In the adjusted male diabetic stroke population, four variables were found to be significantly associated with exclusion of males from rtPA treatment: presentation with weakness, history of atrial fibrillation, carotid artery stenosis, and treatment with cholesterol lowering medications. Adjustment in the male diabetic stroke population did not eliminate the effect of atrial fibrillation and carotid artery stenosis such that both factors were significantly associated with the exclusion of male diabetic stroke patients from rtPA treatment. Diabetic stroke women have higher rates of atrial fibrillation, compared to diabetic men [15]. The finding that diabetic male stroke patients with atrial fibrillation have a higher odd of being excluded from rtPA indicates the complexity of the comorbidity profile underlying the increased risk of stroke in diabetic men. Carotid artery stenosis is a risk factor demonstrated to be more prevalent in the male stroke population compared to females [6, 16], and our data demonstrates that this risk factor increases rtPA exclusion in men. Treatment with cholesterol lowering medications was also found to be associated with exclusion of diabetic male stroke patients from rtPA treatment. It is possible that men had higher rates of hyperlipidemia [1, 5, 6].
Four variables were significantly associated with female exclusion from treatment following adjustment: aphasia or language disturbance, history of previous stroke, use of antihypertensive medications, and use of anti-diabetic medications. It is interesting that the history of previous stroke significantly increased exclusion in females but not in the male population, whereas the effect of atrial fibrillation, which was significant in the male population, was eliminated in the adjusted female diabetic stroke population. The finding that aphasia or language disturbance increases rtPA exclusion in the female diabetic population suggests that these women may be demonstrating increased severity in strokes. This idea is supported by previous studies, which found that women have more severe strokes on admission [30–33] whereas others studies report no gender differences in stroke severity [34, 35]. It is not clear whether stroke severity would confound our data in this study. The finding that the use of antihypertensive and antidiabetic medications led to higher rates of exclusion for rtPA treatment in diabetic females is an interesting new finding for the diabetic stroke population. It could be that women may have had uncontrolled hypertension [36], and were therefore excluded from rtPA.
There are many limitations that require a cautious interpretation of the findings of this study.
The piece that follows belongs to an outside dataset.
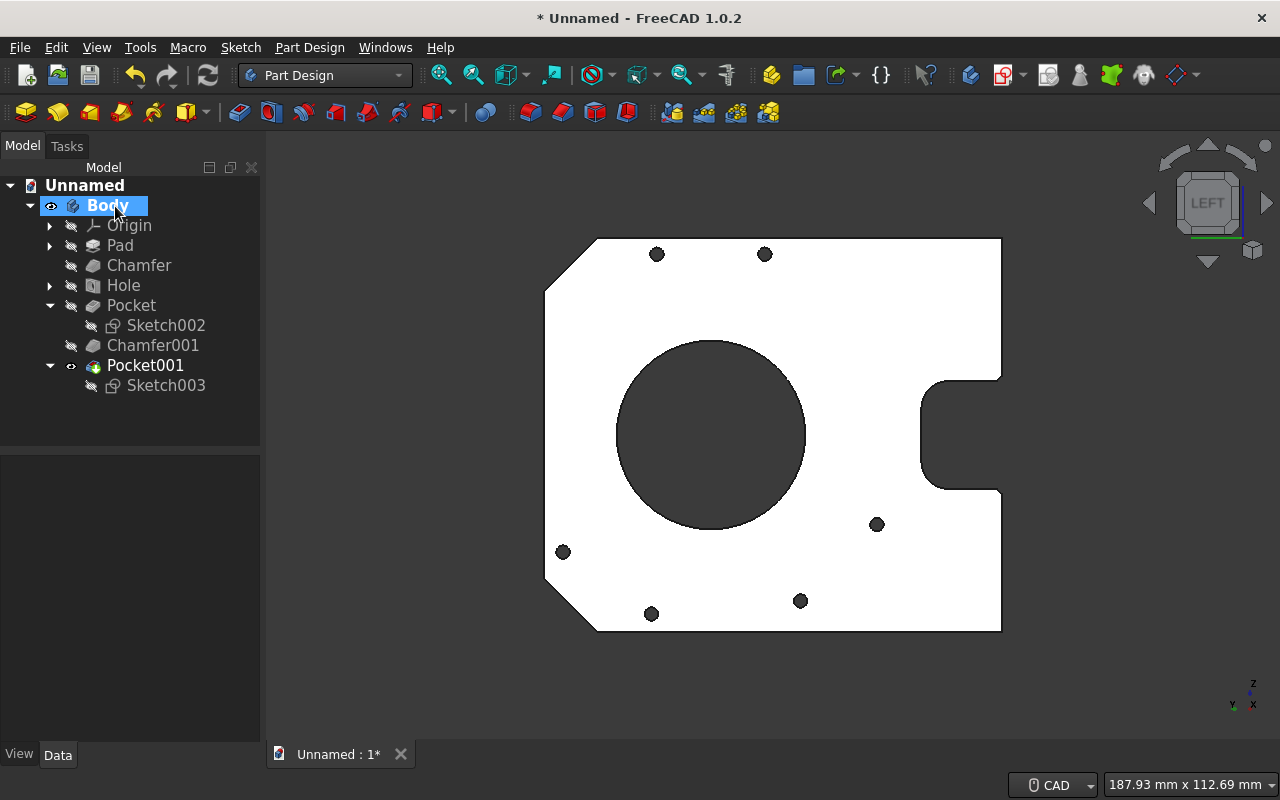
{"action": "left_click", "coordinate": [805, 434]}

This is a retrospective study, so there is a tendency for a measurement bias in NIHSS. Moreover, the specific treatments for the diabetic subtypes in the stroke population and how they were treated after the onset of stroke were not known. This is a single institution study; therefore, selection bias could have affected the selection of patients. However, the strengths of this study lie in the opportunity investigate gender difference in a diabetic stroke population using data from a large stroke center in the state designed to monitor treatment of rtPA. Our data illustrated interesting new risk factors that were associated with men and women in their respective treatment groups, as well as clinical variables that were found to be associated with higher rates of rtPA exclusion in the overall diabetic population as well as for male and female populations, respectively.
CONCLUSION
In conclusion, in a diabetic stroke population, women who were excluded from rtPA are more likely to have aphasia or language disturbance, history of previous stroke, use of antihypertensive medications, and use of anti-diabetic medications. Men excluded for rtPA were more likely to have weakness, history of atrial fibrillation, carotid artery stenosis, and treatment with cholesterol lowering medications. The observed gender differences in the exclusive criteria for the unadjusted analyses were directly associated with the increasing age, higher NIH stroke scale scores, and risk of mortality in women. Improving the low rates of rtPA treatment in diabetic stroke patients, irrespective of gender, can improve treatment outcomes in this patient population.